## EXERCISE
For each entry below, please return its exact wording and leave out any picture.

*** Opening THE DATA ***

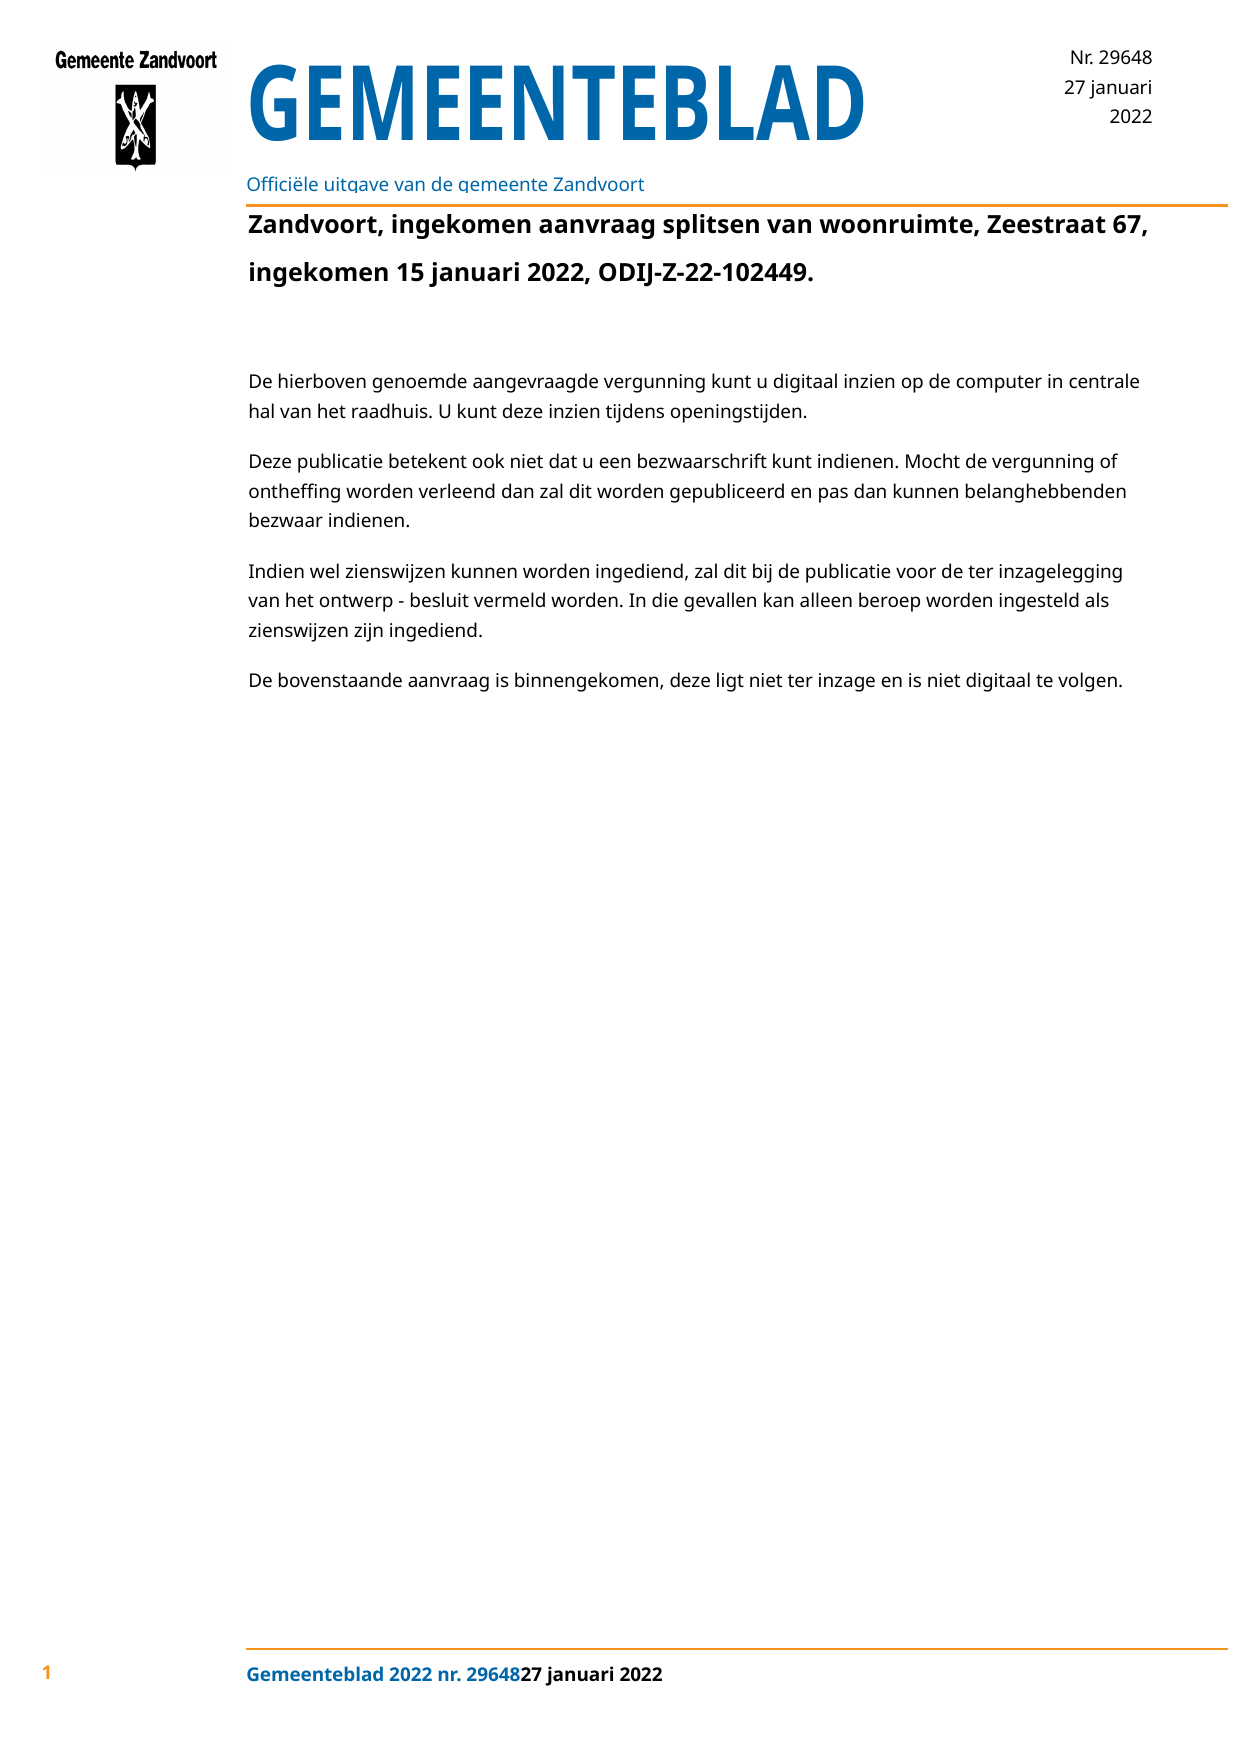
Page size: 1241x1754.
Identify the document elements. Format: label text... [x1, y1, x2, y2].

text De hierboven genoemde aangevraagde vergunning kunt u digitaal inzien op de computer in centrale hal van het raadhuis. U kunt deze inzien tijdens openingstijden. [248, 368, 1152, 424]
text De bovenstaande aanvraag is binnengekomen, deze ligt niet ter inzage en is niet digitaal te volgen. [248, 667, 1152, 693]
text Deze publicatie betekent ook niet dat u een bezwaarschrift kunt indienen. Mocht de vergunning of ontheffing worden verleend dan zal dit worden gepubliceerd en pas dan kunnen belanghebbenden bezwaar indienen. [248, 448, 1152, 533]
picture [41, 47, 231, 172]
text Indien wel zienswijzen kunnen worden ingediend, zal dit bij de publicatie voor de ter inzagelegging van het ontwerp - besluit vermeld worden. In die gevallen kan alleen beroep worden ingesteld als zienswijzen zijn ingediend. [248, 558, 1152, 643]
text Zandvoort, ingekomen aanvraag splitsen van woonruimte, Zeestraat 67, ingekomen 15 januari 2022, ODIJ-Z-22-102449. [248, 207, 1152, 288]
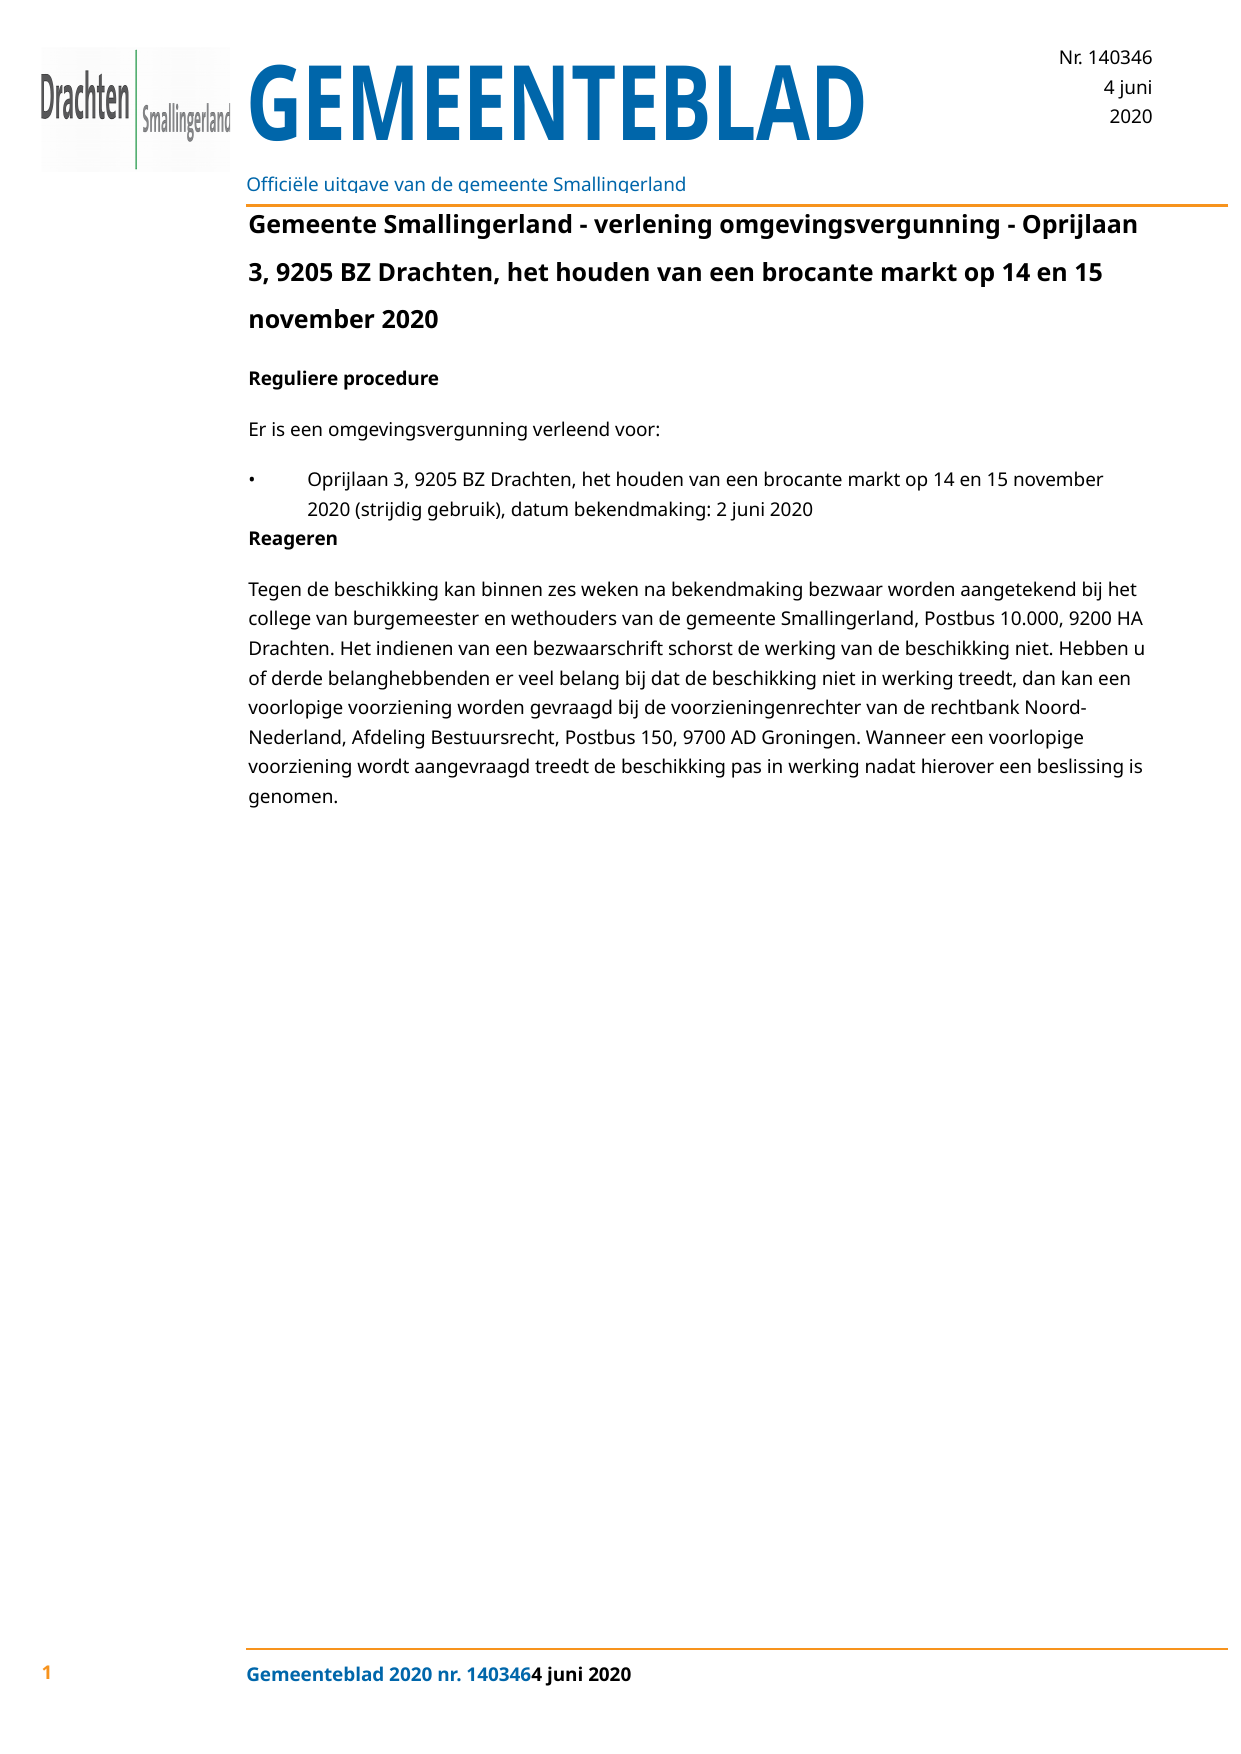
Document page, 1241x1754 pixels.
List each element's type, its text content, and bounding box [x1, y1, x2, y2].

*** Closing THE DATA ***

## RESPONSE TO THE EXERCISE
Page size: 1241x1754.
Identify the document elements. Format: label text... [x1, y1, x2, y2].

text De hierboven genoemde aangevraagde vergunning kunt u digitaal inzien op de computer in centrale hal van het raadhuis. U kunt deze inzien tijdens openingstijden. [248, 368, 1152, 424]
text De bovenstaande aanvraag is binnengekomen, deze ligt niet ter inzage en is niet digitaal te volgen. [248, 667, 1152, 693]
text Deze publicatie betekent ook niet dat u een bezwaarschrift kunt indienen. Mocht de vergunning of ontheffing worden verleend dan zal dit worden gepubliceerd en pas dan kunnen belanghebbenden bezwaar indienen. [248, 448, 1152, 533]
picture [41, 47, 231, 172]
text Indien wel zienswijzen kunnen worden ingediend, zal dit bij de publicatie voor de ter inzagelegging van het ontwerp - besluit vermeld worden. In die gevallen kan alleen beroep worden ingesteld als zienswijzen zijn ingediend. [248, 558, 1152, 643]
text Zandvoort, ingekomen aanvraag splitsen van woonruimte, Zeestraat 67, ingekomen 15 januari 2022, ODIJ-Z-22-102449. [248, 207, 1152, 288]
Document page, 1241x1754 pixels.
List each element's type, its text content, and bounding box [x1, y1, x2, y2].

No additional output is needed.